Both my estrogen and progesterone levels are at post-menopausal levels. The progesterone in particular came in at nearly the bottom of post-menopausal range. My doctor already suspected I was in perimenopause despite only being 39 years old. That would explain a few symptoms I’ve had, as well as the development of fibrocystic tissue. It also ties in with family history of early menopause (usually by mid-40s). But I’m not menopausal or post-menopausal yet, not by a long shot. Those numbers shouldn’t be nearly as low as they are. This means two things: First, these numbers are likely being affected by my PCOS, and I need to work with my Ob/Gyn to get them back to normal. I have an appointment in January for specific hormone work after specific blood tests to come in December. Second, these out-of-whack hormones are possibly affecting my health in many ways, from difficulty losing weight to the bizarre changes to my senses of smell and taste over the last nine months.

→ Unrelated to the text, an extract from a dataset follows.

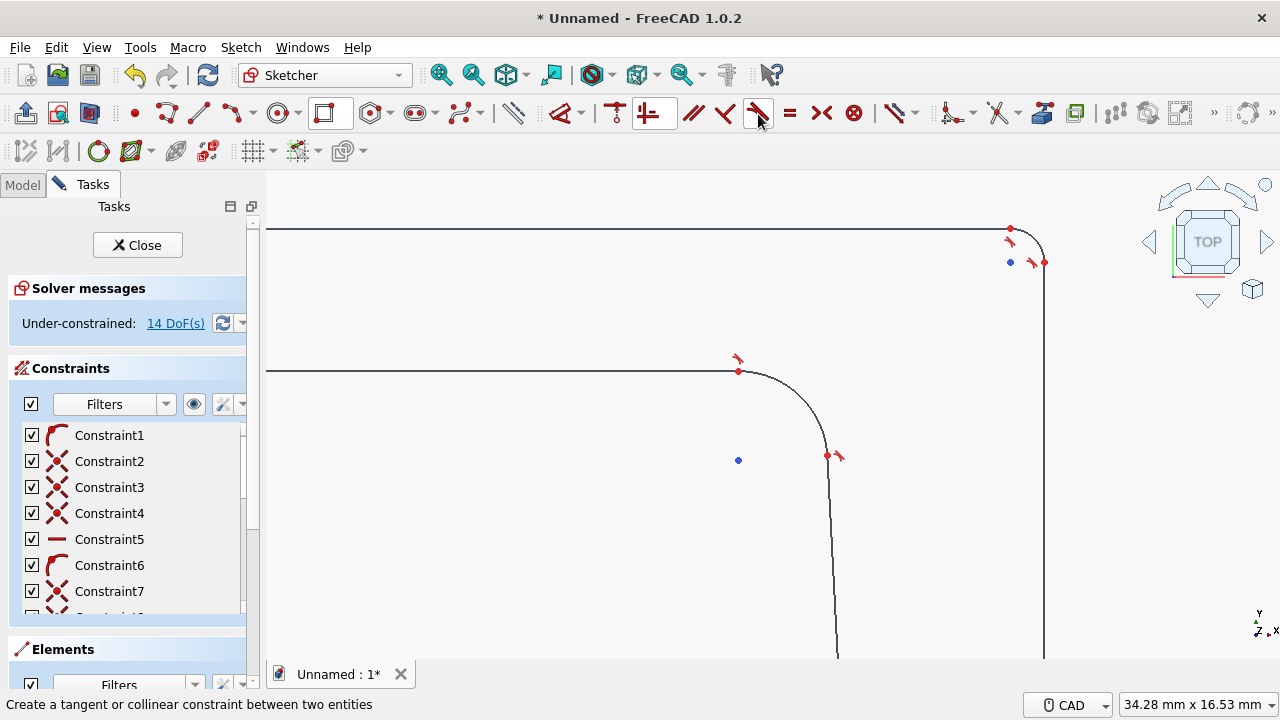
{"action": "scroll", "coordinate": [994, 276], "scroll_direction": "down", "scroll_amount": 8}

[Side-note backstory: In January, I lost my sense of smell completely (anosmia). I thought it was related to a series of illnesses that lasted until I got strong antibiotics in April, but my sense of smell didn’t return until June 1st, when I came home to find my house torn to pieces and plaster dust everywhere. After that, the only thing I could smell for two months was plaster, and any food with a high fat content tasted spoiled/rancid. I actually threw out a jar of peanut butter, thinking it had gone bad. This isn’t the same as when you’re sick and things taste weird. This was a full-blown change in sensory perception. My doctor put me on prednisone for something else, and since then I can’t eat 90% of dairy products because they taste like copper. (That’s a common side effect, but it’s supposed to go away after you finish the medicine. It’s been three months since I finished.) Then one day, very sudden, the plaster went away and everything smelled like undercooked sweet bread. Rancid and copper tastes stayed. Then after another month, another sudden shift occurred and the only thing I could smell was sewage. That’s where I stand today. If there’s a strong odor of gasoline or pizza or rain, it smells like sewage. If it doesn’t smell like sewage, then I can’t smell it at all. Obviously, this is a problem, and I’m at a loss to explain it. I thought it might have been my previous antidepressant because I lost my sense of smell after we increased the dosage, but I’ve been off that medicine for nearly four months and nothing has changed.]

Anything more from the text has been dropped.